Na derradeira intervenção da Jornada Nacional de Reflexão da CPES, o Presidente da República considerou que não é possível haver crescimento económico sem “maior coesão social”, salientando que “quem cria riqueza são as pessoas”.
“Precisamos de crescer, e cada vez mais, e crescer cada vez mais de forma sustentada. E precisamos de crescer, garantindo o máximo de homogeneidade social”, ressalvou Marcelo Rebelo de Sousa, alertando: “Se for apenas um sector do nosso país, uma área do nosso país, um território dos que formam Portugal, ou alguns territórios a crescerem muito mais do que os outros e os outros ficarem para trás, isso significa que o todo não está a ir tão longe quanto podia e devia”.
Depois, o Chefe de Estado, referindo-se à Lei de Bases da Economia Social, lembrou que há aspetos que “têm de ser desenvolvidos, regulamentados e aprofundados”, considerando que “ficaram pelo caminho ou então aquilo que foi aprovado para cada uma das categorias de entidades foi ultrapassado pelo tempo”.
Reafirmando a importância da Economia Social, até no processo de descentralização, o Presidente da República defendeu que “as instituições sociais não são uma abstração”.
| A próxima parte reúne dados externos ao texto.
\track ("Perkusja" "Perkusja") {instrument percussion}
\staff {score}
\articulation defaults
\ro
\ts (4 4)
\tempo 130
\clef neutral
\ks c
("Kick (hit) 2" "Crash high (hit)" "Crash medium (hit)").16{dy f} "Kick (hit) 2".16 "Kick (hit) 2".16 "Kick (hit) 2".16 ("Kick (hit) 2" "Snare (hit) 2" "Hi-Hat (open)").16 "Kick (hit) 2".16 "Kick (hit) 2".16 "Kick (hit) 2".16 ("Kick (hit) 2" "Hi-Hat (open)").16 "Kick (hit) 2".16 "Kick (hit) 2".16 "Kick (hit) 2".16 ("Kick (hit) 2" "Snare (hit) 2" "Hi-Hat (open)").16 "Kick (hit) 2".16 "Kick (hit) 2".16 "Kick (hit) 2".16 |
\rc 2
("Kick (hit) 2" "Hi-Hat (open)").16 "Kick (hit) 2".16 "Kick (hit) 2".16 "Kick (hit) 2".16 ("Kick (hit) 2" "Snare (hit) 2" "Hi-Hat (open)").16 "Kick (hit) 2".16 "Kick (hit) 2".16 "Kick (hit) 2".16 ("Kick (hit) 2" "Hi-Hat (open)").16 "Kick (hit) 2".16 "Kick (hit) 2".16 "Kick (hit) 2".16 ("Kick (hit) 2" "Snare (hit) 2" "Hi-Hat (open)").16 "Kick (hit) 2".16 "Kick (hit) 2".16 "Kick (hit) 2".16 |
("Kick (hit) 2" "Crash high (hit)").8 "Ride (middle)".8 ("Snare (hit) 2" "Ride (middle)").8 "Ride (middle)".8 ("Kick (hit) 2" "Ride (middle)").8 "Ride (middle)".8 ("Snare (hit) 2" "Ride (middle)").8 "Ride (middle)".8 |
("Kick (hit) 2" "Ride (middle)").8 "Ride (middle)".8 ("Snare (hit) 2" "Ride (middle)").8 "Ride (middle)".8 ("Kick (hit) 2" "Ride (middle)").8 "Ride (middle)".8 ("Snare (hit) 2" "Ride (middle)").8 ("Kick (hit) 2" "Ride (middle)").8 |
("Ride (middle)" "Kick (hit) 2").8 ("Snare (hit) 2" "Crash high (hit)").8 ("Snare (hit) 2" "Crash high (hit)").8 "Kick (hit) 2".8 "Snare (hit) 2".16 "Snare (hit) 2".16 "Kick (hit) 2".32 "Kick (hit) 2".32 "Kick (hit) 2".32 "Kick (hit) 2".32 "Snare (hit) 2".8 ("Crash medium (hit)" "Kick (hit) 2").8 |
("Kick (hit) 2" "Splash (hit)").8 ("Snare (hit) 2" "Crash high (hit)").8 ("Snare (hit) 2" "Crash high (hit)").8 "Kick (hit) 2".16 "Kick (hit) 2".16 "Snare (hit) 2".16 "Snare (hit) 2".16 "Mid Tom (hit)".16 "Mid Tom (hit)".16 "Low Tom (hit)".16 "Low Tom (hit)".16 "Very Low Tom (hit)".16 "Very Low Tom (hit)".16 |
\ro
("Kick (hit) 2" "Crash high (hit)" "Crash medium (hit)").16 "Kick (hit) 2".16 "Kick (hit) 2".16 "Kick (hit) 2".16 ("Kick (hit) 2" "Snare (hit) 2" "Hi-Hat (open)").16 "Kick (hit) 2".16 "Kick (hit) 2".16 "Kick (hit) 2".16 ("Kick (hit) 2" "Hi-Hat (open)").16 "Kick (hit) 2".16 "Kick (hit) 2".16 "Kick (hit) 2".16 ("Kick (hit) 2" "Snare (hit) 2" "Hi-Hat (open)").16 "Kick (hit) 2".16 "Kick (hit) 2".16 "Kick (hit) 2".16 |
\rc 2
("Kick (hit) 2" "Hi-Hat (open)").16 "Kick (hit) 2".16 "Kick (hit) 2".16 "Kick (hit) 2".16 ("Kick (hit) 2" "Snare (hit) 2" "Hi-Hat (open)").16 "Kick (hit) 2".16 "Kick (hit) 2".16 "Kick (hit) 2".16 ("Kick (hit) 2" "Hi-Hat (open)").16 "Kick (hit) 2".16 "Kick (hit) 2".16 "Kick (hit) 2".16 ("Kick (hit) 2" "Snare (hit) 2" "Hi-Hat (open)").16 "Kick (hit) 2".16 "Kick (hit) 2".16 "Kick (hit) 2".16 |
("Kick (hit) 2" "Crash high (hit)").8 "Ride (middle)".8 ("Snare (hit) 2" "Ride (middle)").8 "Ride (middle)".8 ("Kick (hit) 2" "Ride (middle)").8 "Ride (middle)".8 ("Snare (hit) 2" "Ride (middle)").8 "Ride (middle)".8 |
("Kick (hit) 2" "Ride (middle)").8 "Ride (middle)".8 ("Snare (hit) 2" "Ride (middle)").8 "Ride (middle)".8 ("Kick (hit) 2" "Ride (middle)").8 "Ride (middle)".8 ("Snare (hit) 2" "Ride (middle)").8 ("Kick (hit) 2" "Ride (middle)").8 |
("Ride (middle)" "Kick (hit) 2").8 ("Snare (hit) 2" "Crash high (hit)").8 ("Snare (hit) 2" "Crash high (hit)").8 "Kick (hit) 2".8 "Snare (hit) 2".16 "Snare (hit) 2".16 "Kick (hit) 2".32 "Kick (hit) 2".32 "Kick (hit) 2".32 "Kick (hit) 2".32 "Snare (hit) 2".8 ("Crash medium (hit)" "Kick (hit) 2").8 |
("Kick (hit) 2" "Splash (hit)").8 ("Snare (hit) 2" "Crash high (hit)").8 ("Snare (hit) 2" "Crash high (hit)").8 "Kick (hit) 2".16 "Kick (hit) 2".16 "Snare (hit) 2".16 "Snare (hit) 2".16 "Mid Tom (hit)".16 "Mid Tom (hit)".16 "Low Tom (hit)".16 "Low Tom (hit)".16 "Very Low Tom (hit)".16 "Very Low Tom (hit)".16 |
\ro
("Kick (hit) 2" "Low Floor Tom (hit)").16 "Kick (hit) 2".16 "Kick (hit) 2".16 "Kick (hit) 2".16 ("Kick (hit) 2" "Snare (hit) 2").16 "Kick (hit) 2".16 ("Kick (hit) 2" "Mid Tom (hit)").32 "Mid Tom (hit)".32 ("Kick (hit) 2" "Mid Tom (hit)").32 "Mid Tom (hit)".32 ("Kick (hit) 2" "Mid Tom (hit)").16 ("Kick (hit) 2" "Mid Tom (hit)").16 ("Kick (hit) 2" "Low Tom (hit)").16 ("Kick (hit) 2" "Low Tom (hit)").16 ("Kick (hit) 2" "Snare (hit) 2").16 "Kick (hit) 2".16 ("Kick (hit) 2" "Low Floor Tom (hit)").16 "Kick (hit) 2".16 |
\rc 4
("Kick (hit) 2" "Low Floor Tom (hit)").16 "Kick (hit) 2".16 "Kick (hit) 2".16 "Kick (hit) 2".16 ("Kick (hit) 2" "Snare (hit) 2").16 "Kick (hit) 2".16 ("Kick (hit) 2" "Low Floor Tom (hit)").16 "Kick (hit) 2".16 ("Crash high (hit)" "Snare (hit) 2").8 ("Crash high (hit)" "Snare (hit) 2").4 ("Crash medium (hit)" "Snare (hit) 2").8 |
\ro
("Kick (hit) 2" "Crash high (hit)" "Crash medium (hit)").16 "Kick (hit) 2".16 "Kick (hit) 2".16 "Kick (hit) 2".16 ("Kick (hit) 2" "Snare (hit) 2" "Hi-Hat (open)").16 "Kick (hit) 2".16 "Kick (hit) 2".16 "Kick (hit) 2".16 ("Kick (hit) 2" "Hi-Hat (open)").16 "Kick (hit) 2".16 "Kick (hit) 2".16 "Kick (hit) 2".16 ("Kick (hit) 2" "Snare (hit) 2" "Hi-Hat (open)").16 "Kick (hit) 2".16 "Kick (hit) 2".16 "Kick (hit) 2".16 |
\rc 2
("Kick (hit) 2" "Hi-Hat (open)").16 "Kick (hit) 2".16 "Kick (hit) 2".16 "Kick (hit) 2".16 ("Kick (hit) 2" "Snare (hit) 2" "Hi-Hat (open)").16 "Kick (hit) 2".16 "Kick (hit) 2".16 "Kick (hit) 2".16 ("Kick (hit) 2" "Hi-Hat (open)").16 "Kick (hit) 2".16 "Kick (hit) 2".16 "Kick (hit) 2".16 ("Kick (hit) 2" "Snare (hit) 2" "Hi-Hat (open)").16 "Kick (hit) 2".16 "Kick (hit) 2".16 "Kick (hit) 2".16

[n.d.r. - Aquando da publicação da edição de abril, foi conhecido o falecimento do professor Jorge de Sá, que teve sempre um papel presente no processo de criação da CPES e que na Jornada Nacional de Reflexão, da Azambuja, fez a sua última alocução pública sobre algo que lhe era muito caro, a Economia Social e a comunicação. O SOLIDARIEDADE junta-se à onda de pesar e endereça os mais sinceros pêsames à família enlutada].